A mournful, occasionally stirring violin soundtrack plays through the film as we spin through scenes of Wakefield sitting on bleachers, doing yoga, worrying about his children, Wakefield giving a toast to a group of generous chiropractors, Carmel Wakefield telling her daughter they can’t afford their house anymore as legal bills mount, Wakefield’s mother telling him she hopes he is “cleared in the eyes of your peers before anything happens” to his father, Wakefield chopping wood in a tank top.
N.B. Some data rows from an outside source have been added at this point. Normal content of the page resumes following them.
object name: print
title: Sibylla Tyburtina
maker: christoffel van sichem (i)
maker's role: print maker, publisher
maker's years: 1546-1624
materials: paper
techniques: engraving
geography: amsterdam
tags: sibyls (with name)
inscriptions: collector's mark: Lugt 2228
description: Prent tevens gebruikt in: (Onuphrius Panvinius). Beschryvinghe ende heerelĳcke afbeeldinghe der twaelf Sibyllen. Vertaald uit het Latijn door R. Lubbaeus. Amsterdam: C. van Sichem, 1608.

You can refute some of his statements, and question him about his discrepancies, and show news footage of Anderson Cooper reaming him on CNN, but the decision to physically focus this documentary entirely within Andrew Wakefield’s perspective, giving him and his family an opportunity to repaint himself as wronged and his research as ethical when there is quite a lot of evidence to the contrary, is an odd one, given the stakes of the subject matter. Is it artful to project ambiguity onto a subject that is, at this point, pretty unambiguous? When the topic of a documentary involves a basic health decision that could put a viewer’s kid, or someone else’s kid, in the hospital, is it responsible to let viewers walk out in a state of confusion?
Correction: A previous version of this post said that measles had been eradicated in the US and UK. The correct term is ‘eliminated.’